Plus d'une tonne d'obus retrouvés sur une plage landaise
Photo: Capture vidéo Sud-Ouest

Messanges, commune des Landes. Une petite station balnéaire caractérisée comme beaucoup d'autres de la région par son immense étendue de sable fin, appréciée par les enfants et les surfeurs. Et manifestement aussi par la Wehrmacht en son temps. En ce mois d'octobre 2020, les vieilles munitions apparaissent sur le territoire communal comme les champignons après la pluie.

La dernière découverte en date remonte au 8 octobre 2020. Pas moins de 80 obus ont en effet été mis au jour, pour un poids de 600 kg. Ceux-ci ont été découverts à proximité d'une ancienne batterie d'artillerie allemande. Une semaine auparavant, trois obus avaient déjà été découverts sur la plage de Messanges par des promeneurs. Les démineurs sont intervenus et ont découvert au total pas moins de 500 kg d'obus répartis dans 5 alvéoles ainsi que plusieurs caisses de mines antichars ! Cette découverte a entraîné la fermeture par arrêté municipal pendant plusieurs jours de 800 mètres de plages pour une fouille complémentaire qui a manifestement été fructueuse.

Lors d'une telle découverte, les démineurs ont le choix entre déplacer les explosifs vers un site adéquat pour leur destruction, ou bien de les détruire sur place. Comme il est hors de question de déplacer une telle quantité de munitions, les démineurs les ont fait exploser sur place.

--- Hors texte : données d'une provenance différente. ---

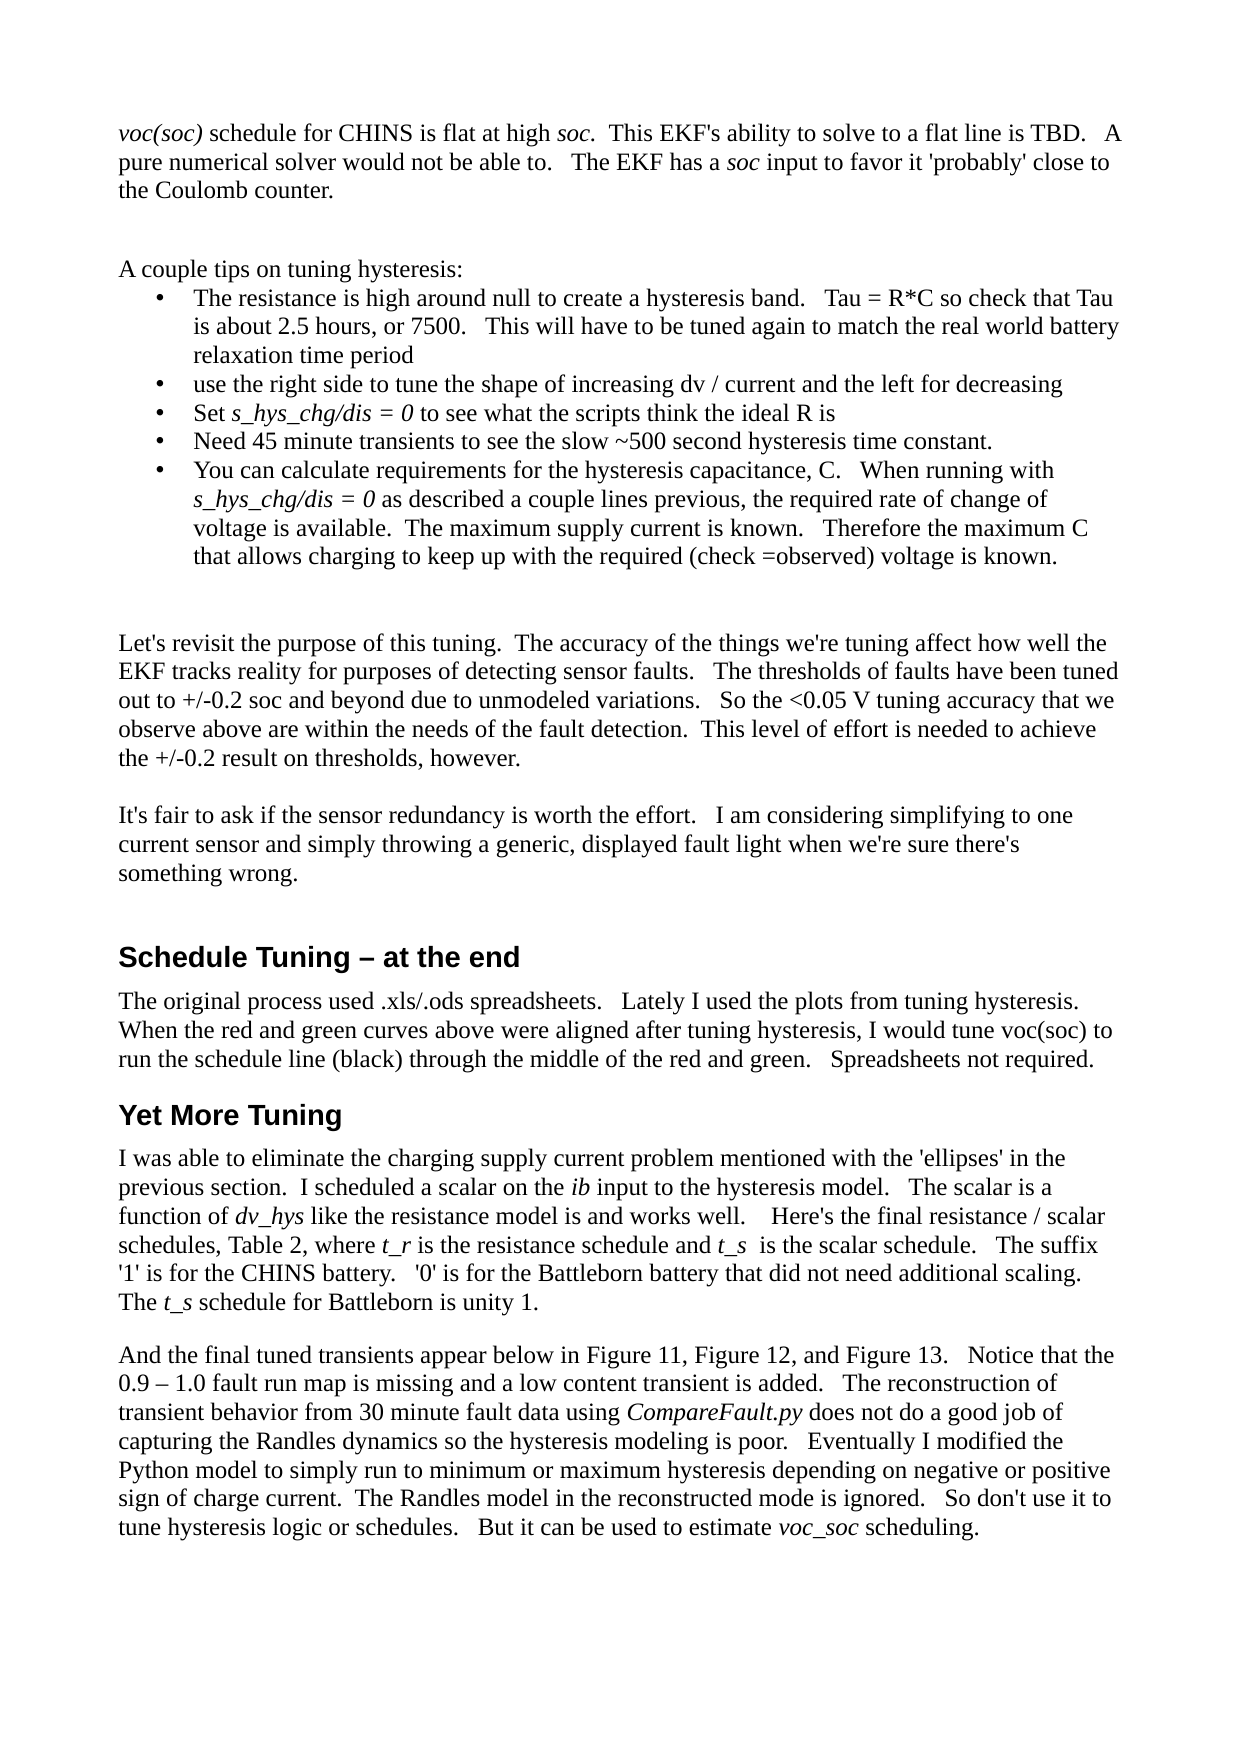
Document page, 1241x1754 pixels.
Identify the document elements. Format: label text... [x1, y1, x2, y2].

text A couple tips on tuning hysteresis: [118, 254, 1122, 283]
text voc(soc) schedule for CHINS is flat at high soc. This EKF's ability to solve to a flat line is TBD. A pure numerical solver would not be able to. The EKF has a soc input to favor it 'probably' close to the Coulomb counter. [118, 118, 1122, 204]
list The resistance is high around null to create a hysteresis band. Tau = R*C so check that Tau is about 2.5 hours, or 7500. This will have to be tuned again to match the real world battery relaxation time period [156, 283, 1122, 369]
subtitle Yet More Tuning [118, 1097, 1122, 1131]
text The original process used .xls/.ods spreadsheets. Lately I used the plots from tuning hysteresis. When the red and green curves above were aligned after tuning hysteresis, I would tune voc(soc) to run the schedule line (black) through the middle of the red and green. Spreadsheets not required. [118, 986, 1122, 1072]
list use the right side to tune the shape of increasing dv / current and the left for decreasing [156, 369, 1122, 398]
list Need 45 minute transients to see the slow ~500 second hysteresis time constant. [156, 426, 1122, 455]
text And the final tuned transients appear below in Figure 11, Figure 12, and Figure 13. Notice that the 0.9 – 1.0 fault run map is missing and a low content transient is added. The reconstruction of transient behavior from 30 minute fault data using CompareFault.py does not do a good job of capturing the Randles dynamics so the hysteresis modeling is poor. Eventually I modified the Python model to simply run to minimum or maximum hysteresis depending on negative or positive sign of charge current. The Randles model in the reconstructed mode is ignored. So don't use it to tune hysteresis logic or schedules. But it can be used to estimate voc_soc scheduling. [118, 1340, 1122, 1541]
text It's fair to ask if the sensor redundancy is worth the effort. I am considering simplifying to one current sensor and simply throwing a generic, displayed fault light when we're sure there's something wrong. [118, 800, 1122, 886]
text I was able to eliminate the charging supply current problem mentioned with the 'ellipses' in the previous section. I scheduled a scalar on the ib input to the hysteresis model. The scalar is a function of dv_hys like the resistance model is and works well. Here's the final resistance / scalar schedules, Table 2, where t_r is the resistance schedule and t_s is the scalar schedule. The suffix '1' is for the CHINS battery. '0' is for the Battleborn battery that did not need additional scaling. The t_s schedule for Battleborn is unity 1. [118, 1143, 1122, 1316]
text Let's revisit the purpose of this tuning. The accuracy of the things we're tuning affect how well the EKF tracks reality for purposes of detecting sensor faults. The thresholds of faults have been tuned out to +/-0.2 soc and beyond due to unmodeled variations. So the <0.05 V tuning accuracy that we observe above are within the needs of the fault detection. This level of effort is needed to achieve the +/-0.2 result on thresholds, however. [118, 628, 1122, 771]
subtitle Schedule Tuning – at the end [118, 940, 1122, 974]
list You can calculate requirements for the hysteresis capacitance, C. When running with s_hys_chg/dis = 0 as described a couple lines previous, the required rate of change of voltage is available. The maximum supply current is known. Therefore the maximum C that allows charging to keep up with the required (check =observed) voltage is known. [156, 455, 1122, 570]
list Set s_hys_chg/dis = 0 to see what the scripts think the ideal R is [156, 398, 1122, 426]

Que font donc ces munitions à cet endroit ? Durant la Seconde Guerre Mondiale, les Allemands s'attendaient à un débarquement à l'ouest. Ils ont pour cela construit une ligne fortifiée, qui s'étendait de la Norvège à la frontière espagnole, et connue sous le nom de "Westwall" ou "Mur de l'Atlantique". Les secteurs les plus fournis étaient les plus exposés, à savoir le littoral, de la Normandie aux Pays-Bas.

Dans les Landes, très loin des États-Unis et de l'Angleterre, moins de blockhaus. Mais des stocks de munitions avaient tout de même été prévus. Ceux-ci se sont parfois retrouvés ensablés et, avec le temps et l'érosion, se retrouvent à la surface. Inutile de rappeler que ces engins non seulement sont faits pour tuer, mais qu'en plus après une aussi longue exposition aux éléments, ils sont devenus parfois très instables. En cas de découverte, une seule chose à faire : prévenir la gendarmerie.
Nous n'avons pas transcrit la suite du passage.